I would definitely buy it for like 10-15$.
They should at least be able to do that, even if none of these things are options in the first game. It would really surprise me if they didn't take a hint from New Vegas and include the kinds of immersion us hardcoe players want (and maybe even new players) just as a higher difficulty level.
On a side note, I suggest that instead of doing away with fast travel altogether, there should be a teleportation spell. It makes way more sense than having you instantaneously travel a large distance without losing health or stamina and never encountering any opposition on the way. Also, if it is a spell, or a dragon word, it could be left as a later-game spell on higher difficulties. Or it could be scaled, from teleporting to mage's guilds, to any human settlement, to any map marker, as the (alteration?) skill slowly levels up. I think that would deal with travel frustration in the late game when there are far too many scattered quests in everyone's journal, and too much valuable loot to drop.

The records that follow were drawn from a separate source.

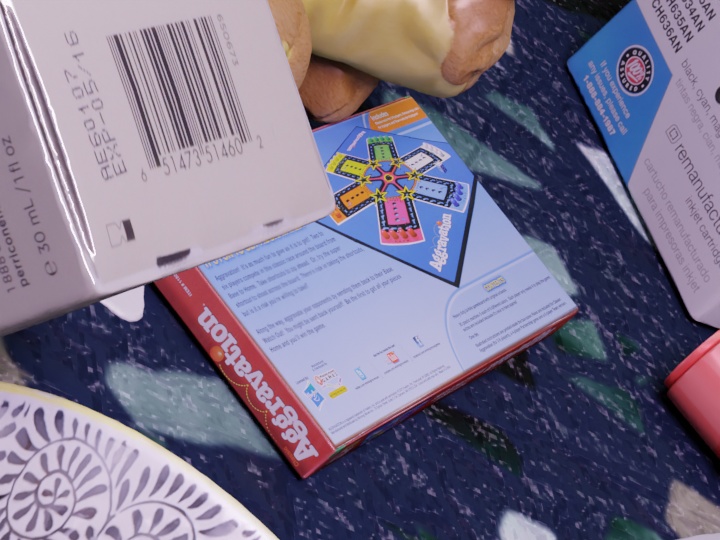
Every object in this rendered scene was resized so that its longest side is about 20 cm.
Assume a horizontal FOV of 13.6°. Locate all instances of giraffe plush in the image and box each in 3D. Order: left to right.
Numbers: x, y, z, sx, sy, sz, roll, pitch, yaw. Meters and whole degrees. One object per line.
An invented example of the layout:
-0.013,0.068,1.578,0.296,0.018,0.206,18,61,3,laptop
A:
-0.045,-0.113,0.973,0.200,0.173,0.162,39,38,-2,giraffe plush

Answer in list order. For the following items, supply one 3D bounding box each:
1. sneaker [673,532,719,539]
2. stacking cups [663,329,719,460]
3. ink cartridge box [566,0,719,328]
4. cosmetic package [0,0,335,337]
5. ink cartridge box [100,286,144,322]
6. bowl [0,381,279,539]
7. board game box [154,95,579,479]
0.139,0.155,0.954,0.200,0.074,0.119,19,32,-46,sneaker
0.194,0.103,1.118,0.200,0.060,0.060,53,28,10,stacking cups
0.220,-0.080,1.236,0.144,0.200,0.148,17,40,-44,ink cartridge box
-0.118,-0.009,0.665,0.103,0.199,0.074,-21,93,-61,cosmetic package
-0.154,-0.050,0.816,0.199,0.068,0.116,33,31,-24,ink cartridge box
-0.076,0.132,0.668,0.200,0.094,0.201,33,31,-23,bowl
0.000,0.000,1.021,0.103,0.019,0.200,53,28,7,board game box
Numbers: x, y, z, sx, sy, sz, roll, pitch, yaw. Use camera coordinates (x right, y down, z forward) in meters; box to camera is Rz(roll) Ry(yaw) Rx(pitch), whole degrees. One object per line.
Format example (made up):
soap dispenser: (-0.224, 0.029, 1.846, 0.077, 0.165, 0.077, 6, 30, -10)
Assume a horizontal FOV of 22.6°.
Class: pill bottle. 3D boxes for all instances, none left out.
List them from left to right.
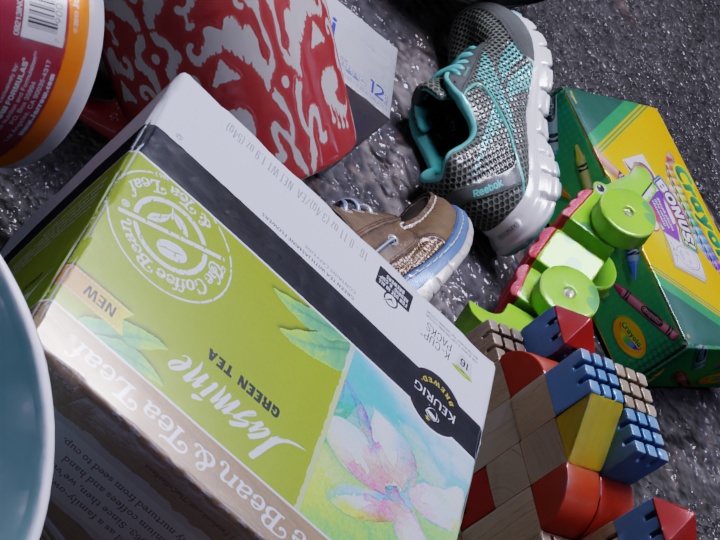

Also, the way they described the map in the GI article, it's actually just a overhead version of the actual terrain that you can zoom in and out on and mark, like it is some kind of spell rather than a map itself. This leads me to think a compass would not be necessary, as instead you would be more likely to plot out your journey based on looking at the actual terrain and landmarks on the way. Which would be a huge improvement, matching the exploratory nature of Morrowind with the facility of Oblivion. Maybe a Prince of Persia-esque glowing trail that you plot would be better than a compass as well? I always thought that the Oblivion compass was generally obnoxious and useless to casual players anyway, since you try to look at it and go by it when there are far too many mountains and landmarks on your way, and it never considers setting paths by actual roads like in GTA IV. I'd imagine we will see some sort of improvement to the map that encourages players to actually be immersed in the world and plan their course by landmarks they can actually see, rather than squiggles on a piece of paper or an arrow with limited versatility, but we just don't know what it will be yet.
I'm going to point out that the main problem with Oblivion was not the ability to fast travel itself. It was that the immersion and sense of exploratory progression that we felt strongly in Morrowind was lost. While Morrowind certainly frustrated me at times when I had to sell off stolen loot to a crab, or find a daedra, or do a quest in the north, the main reason why the world felt so huge and it was such an adventure to explore even a short distance was due to the way you were forced to travel the entire way, using mainly the physical markers available to actually learn the lay of the land. You felt tied to the land, because you couldn't just instantly bypass it. In Oblivion, when you go on a quest you do your best to avoid foot travel. Instead of traveling from the city you are in, to the closest big city to your destination, to the closest settlement, and to each destination along the way, experiencing the environment and the distance firsthand, you simply teleport to the closest discovered location to your destination.
Where's the exploration in that? Where is the interconnectedness, in that you'd travel instantaneously to a hostile cave instead of going to the closest settlement first? There was no tie to the world and the terrain itself, because the geography was irrelevant to your actions. There was no point to having a house in more than one town since you could travel instantaneously. There was no point to learning the geography and experiencing the cohesive environment and physical beauty, when you can get to your destination instantly. Honestly, a lot of the time it felt like a hub-type design where each quest location was mostly separate, rather than an open-world game, unless you intentionally made up your mind to explore (which inevitably resulted in discovering a cave or fort, spending an hour there, and forgetting where you actually were or where you were going).
I think that Bethesda has spent far too much time on the unique geography of this game to squander the sense of exploration described in the GI article. I really, really hope they have a solution for the immersion-shattering nature of Oblivion that made it so, to this day, I have barely learned the roads or remembered the terrain types surrounding the various cities. Keeping the world cohesive and real means keeping the player's feet planted on the ground, at least for most of the time. Isn't that the point of an open-world game?